_WHAT YOU ARE ASKED TO DO_
Restrict the output to the lines below starting at the one that contains "Format: a minified" and ending at the one that contains "Write the answer", and restate them word for word, both ends included.

[RECORDS PROVIDED Boundary: Start]

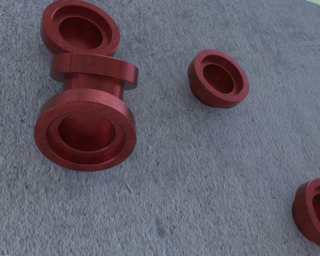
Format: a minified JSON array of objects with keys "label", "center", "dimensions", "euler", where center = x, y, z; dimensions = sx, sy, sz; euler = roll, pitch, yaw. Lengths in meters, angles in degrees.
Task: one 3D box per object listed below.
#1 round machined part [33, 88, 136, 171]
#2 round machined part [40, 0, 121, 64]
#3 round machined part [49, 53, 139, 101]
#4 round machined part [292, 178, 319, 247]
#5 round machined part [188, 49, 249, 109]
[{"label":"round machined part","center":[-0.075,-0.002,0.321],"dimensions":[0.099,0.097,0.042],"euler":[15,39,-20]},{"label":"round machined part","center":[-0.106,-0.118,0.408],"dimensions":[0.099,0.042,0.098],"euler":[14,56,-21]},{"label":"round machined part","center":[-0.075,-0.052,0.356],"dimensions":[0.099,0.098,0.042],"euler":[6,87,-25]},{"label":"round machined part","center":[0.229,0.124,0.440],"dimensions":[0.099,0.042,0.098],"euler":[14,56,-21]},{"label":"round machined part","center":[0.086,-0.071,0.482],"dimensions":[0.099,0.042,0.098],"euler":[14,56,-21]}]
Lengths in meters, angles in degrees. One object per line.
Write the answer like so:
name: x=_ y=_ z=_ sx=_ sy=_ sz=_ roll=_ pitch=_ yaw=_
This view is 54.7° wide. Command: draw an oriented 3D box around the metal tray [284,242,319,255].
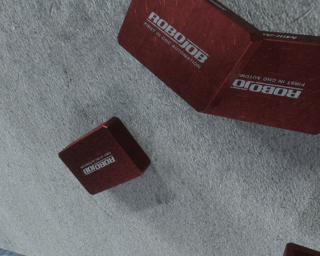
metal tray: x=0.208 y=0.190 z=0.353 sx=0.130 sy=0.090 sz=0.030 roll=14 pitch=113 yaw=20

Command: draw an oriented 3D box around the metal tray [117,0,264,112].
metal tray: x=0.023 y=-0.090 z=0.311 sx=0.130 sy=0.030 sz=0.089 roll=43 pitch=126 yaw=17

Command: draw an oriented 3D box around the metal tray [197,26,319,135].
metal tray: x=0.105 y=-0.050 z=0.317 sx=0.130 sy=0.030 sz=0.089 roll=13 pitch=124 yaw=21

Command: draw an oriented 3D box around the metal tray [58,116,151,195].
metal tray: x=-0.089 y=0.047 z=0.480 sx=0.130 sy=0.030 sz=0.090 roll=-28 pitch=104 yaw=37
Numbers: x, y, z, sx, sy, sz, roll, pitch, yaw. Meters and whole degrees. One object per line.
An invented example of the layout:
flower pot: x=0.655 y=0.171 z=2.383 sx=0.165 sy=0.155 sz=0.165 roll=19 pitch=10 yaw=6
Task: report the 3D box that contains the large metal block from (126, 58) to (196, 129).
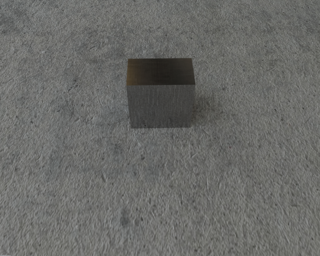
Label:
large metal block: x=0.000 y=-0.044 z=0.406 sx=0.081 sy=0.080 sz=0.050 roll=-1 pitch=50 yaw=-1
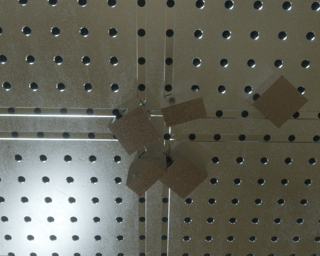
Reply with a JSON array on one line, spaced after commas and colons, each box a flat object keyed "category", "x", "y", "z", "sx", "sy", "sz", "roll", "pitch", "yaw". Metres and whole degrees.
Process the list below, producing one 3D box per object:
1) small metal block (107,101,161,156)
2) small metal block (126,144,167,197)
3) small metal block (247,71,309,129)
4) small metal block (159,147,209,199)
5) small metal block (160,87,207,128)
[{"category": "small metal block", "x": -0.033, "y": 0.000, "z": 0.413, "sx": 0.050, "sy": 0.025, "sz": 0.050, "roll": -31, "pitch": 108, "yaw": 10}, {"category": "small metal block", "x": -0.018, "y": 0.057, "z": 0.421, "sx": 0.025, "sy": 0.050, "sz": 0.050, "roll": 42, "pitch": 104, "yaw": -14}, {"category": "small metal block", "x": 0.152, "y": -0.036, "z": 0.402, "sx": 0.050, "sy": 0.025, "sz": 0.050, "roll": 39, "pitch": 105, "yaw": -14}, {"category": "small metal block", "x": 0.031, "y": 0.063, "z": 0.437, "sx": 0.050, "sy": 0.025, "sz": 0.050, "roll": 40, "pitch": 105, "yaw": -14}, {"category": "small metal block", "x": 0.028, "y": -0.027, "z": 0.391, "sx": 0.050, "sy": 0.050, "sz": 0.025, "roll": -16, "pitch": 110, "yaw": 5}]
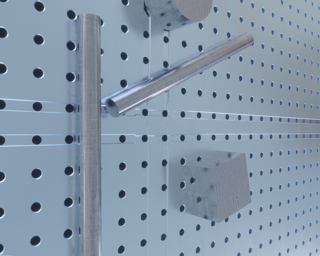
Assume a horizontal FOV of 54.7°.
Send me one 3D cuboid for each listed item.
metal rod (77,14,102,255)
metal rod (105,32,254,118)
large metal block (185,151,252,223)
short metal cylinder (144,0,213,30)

[RECORDS PROVIDED Boundary: End]
[RECORDS PROVIDED Boundary: Start]

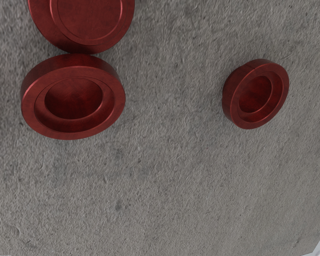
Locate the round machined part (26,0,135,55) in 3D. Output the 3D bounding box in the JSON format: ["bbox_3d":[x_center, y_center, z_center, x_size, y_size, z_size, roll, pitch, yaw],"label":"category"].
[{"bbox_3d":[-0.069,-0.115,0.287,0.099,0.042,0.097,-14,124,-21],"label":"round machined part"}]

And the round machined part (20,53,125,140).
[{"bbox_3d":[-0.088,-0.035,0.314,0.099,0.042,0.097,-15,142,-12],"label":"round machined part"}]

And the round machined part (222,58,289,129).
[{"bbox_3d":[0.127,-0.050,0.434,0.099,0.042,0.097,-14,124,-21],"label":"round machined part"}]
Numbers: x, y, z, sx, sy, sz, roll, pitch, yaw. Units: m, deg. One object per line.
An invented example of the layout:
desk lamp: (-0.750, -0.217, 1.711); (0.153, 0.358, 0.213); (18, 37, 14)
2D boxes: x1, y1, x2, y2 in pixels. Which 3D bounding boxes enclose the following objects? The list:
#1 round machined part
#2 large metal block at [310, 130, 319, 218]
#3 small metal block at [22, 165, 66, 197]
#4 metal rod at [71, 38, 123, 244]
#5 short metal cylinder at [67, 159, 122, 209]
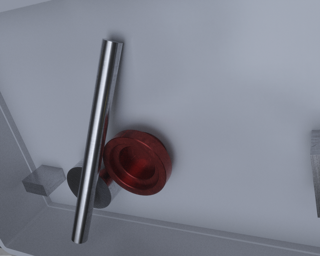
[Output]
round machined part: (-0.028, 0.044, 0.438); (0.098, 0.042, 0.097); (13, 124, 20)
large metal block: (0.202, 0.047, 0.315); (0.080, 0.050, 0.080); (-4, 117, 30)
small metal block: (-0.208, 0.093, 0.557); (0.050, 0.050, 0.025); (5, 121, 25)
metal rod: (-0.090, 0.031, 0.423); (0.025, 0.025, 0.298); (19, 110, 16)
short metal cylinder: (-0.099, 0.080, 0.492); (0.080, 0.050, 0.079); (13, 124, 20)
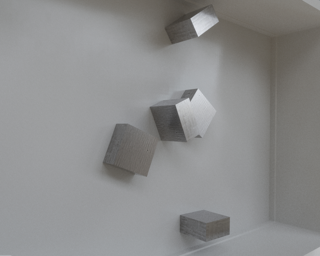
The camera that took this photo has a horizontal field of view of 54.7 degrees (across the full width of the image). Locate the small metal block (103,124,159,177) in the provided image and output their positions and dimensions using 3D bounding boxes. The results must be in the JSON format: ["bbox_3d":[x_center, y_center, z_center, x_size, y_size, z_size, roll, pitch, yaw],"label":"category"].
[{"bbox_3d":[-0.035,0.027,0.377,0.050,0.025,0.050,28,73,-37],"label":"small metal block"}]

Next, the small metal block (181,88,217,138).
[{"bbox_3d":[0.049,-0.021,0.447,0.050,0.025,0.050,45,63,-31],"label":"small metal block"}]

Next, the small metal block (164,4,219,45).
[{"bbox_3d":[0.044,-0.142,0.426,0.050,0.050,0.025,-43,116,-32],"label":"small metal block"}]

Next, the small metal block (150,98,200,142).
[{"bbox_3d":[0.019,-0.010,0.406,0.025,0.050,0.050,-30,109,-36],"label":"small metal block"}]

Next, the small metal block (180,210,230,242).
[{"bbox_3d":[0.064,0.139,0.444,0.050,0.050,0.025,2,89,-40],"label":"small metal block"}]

[RECORDS PROVIDED Boundary: End]

_ANSWER TO THE EXERCISE_
Format: a minified JSON array of objects with keys "label", "center", "dimensions", "euler", where center = x, y, z; dimensions = sx, sy, sz; euler = roll, pitch, yaw. Lengths in meters, angles in degrees.
Task: one 3D box per object listed below.
#1 round machined part [33, 88, 136, 171]
#2 round machined part [40, 0, 121, 64]
#3 round machined part [49, 53, 139, 101]
#4 round machined part [292, 178, 319, 247]
#5 round machined part [188, 49, 249, 109]
[{"label":"round machined part","center":[-0.075,-0.002,0.321],"dimensions":[0.099,0.097,0.042],"euler":[15,39,-20]},{"label":"round machined part","center":[-0.106,-0.118,0.408],"dimensions":[0.099,0.042,0.098],"euler":[14,56,-21]},{"label":"round machined part","center":[-0.075,-0.052,0.356],"dimensions":[0.099,0.098,0.042],"euler":[6,87,-25]},{"label":"round machined part","center":[0.229,0.124,0.440],"dimensions":[0.099,0.042,0.098],"euler":[14,56,-21]},{"label":"round machined part","center":[0.086,-0.071,0.482],"dimensions":[0.099,0.042,0.098],"euler":[14,56,-21]}]
Lengths in meters, angles in degrees. One object per line.
Write the answer like so:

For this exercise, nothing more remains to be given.